What you should do —
Below is a listing to copy exactly; no image goes into the copy.

The input —
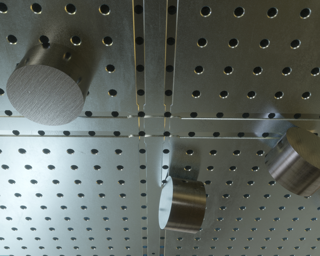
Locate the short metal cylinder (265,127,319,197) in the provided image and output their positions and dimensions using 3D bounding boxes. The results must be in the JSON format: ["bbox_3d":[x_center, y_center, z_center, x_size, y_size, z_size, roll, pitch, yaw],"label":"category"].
[{"bbox_3d":[0.191,0.044,0.416,0.081,0.080,0.050,16,128,-14],"label":"short metal cylinder"}]

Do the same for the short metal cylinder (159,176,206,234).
[{"bbox_3d":[0.033,0.118,0.476,0.050,0.080,0.079,11,129,-10],"label":"short metal cylinder"}]

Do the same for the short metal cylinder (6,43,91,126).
[{"bbox_3d":[-0.123,-0.049,0.352,0.081,0.050,0.079,0,130,0],"label":"short metal cylinder"}]
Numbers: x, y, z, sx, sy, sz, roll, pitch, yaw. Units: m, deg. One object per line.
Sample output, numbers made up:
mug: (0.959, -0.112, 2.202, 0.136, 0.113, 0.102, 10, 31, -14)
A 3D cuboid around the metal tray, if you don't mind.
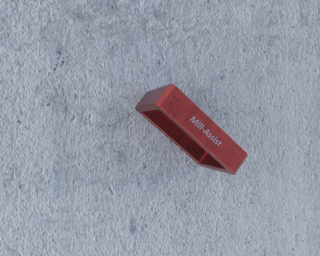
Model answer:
metal tray: (0.036, 0.003, 0.390, 0.130, 0.090, 0.030, 41, 77, -16)
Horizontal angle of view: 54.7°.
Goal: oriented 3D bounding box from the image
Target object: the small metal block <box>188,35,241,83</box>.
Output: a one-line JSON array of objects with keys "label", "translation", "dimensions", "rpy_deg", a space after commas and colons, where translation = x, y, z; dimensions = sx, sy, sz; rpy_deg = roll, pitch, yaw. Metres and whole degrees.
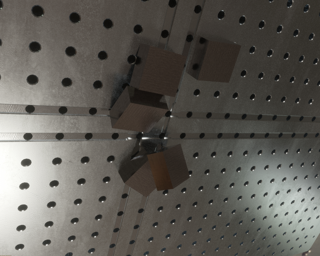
[{"label": "small metal block", "translation": [0.069, -0.087, 0.397], "dimensions": [0.050, 0.025, 0.050], "rpy_deg": [0, 119, -29]}]

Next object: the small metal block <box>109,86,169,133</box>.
[{"label": "small metal block", "translation": [-0.026, -0.021, 0.373], "dimensions": [0.050, 0.025, 0.050], "rpy_deg": [9, 141, -32]}]

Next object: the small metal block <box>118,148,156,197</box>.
[{"label": "small metal block", "translation": [-0.021, 0.064, 0.441], "dimensions": [0.050, 0.025, 0.050], "rpy_deg": [-45, 130, 3]}]

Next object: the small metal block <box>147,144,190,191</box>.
[{"label": "small metal block", "translation": [0.013, 0.053, 0.424], "dimensions": [0.050, 0.025, 0.050], "rpy_deg": [-17, 92, -58]}]

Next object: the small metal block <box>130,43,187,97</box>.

Problem solution —
Locate the short metal cylinder (265,127,319,197) in the provided image and output their positions and dimensions using 3D bounding boxes. The results must be in the JSON format: ["bbox_3d":[x_center, y_center, z_center, x_size, y_size, z_size, roll, pitch, yaw],"label":"category"].
[{"bbox_3d":[0.191,0.044,0.416,0.081,0.080,0.050,16,128,-14],"label":"short metal cylinder"}]

Do the same for the short metal cylinder (159,176,206,234).
[{"bbox_3d":[0.033,0.118,0.476,0.050,0.080,0.079,11,129,-10],"label":"short metal cylinder"}]

Do the same for the short metal cylinder (6,43,91,126).
[{"bbox_3d":[-0.123,-0.049,0.352,0.081,0.050,0.079,0,130,0],"label":"short metal cylinder"}]
Numbers: x, y, z, sx, sy, sz, roll, pitch, yaw. Units: m, deg. One object per line.
Sample output, numbers made up:
mug: (0.959, -0.112, 2.202, 0.136, 0.113, 0.102, 10, 31, -14)
A 3D cuboid around the metal tray, if you don't mind.
Model answer:
metal tray: (0.036, 0.003, 0.390, 0.130, 0.090, 0.030, 41, 77, -16)
Horizontal angle of view: 54.7°.
Goal: oriented 3D bounding box from the image
Target object: the small metal block <box>188,35,241,83</box>.
Output: a one-line JSON array of objects with keys "label", "translation", "dimensions", "rpy_deg", a space after commas and colons, where translation = x, y, z; dimensions = sx, sy, sz; rpy_deg = roll, pitch, yaw. Metres and whole degrees.
[{"label": "small metal block", "translation": [0.069, -0.087, 0.397], "dimensions": [0.050, 0.025, 0.050], "rpy_deg": [0, 119, -29]}]

Next object: the small metal block <box>109,86,169,133</box>.
[{"label": "small metal block", "translation": [-0.026, -0.021, 0.373], "dimensions": [0.050, 0.025, 0.050], "rpy_deg": [9, 141, -32]}]

Next object: the small metal block <box>118,148,156,197</box>.
[{"label": "small metal block", "translation": [-0.021, 0.064, 0.441], "dimensions": [0.050, 0.025, 0.050], "rpy_deg": [-45, 130, 3]}]

Next object: the small metal block <box>147,144,190,191</box>.
[{"label": "small metal block", "translation": [0.013, 0.053, 0.424], "dimensions": [0.050, 0.025, 0.050], "rpy_deg": [-17, 92, -58]}]

Next object: the small metal block <box>130,43,187,97</box>.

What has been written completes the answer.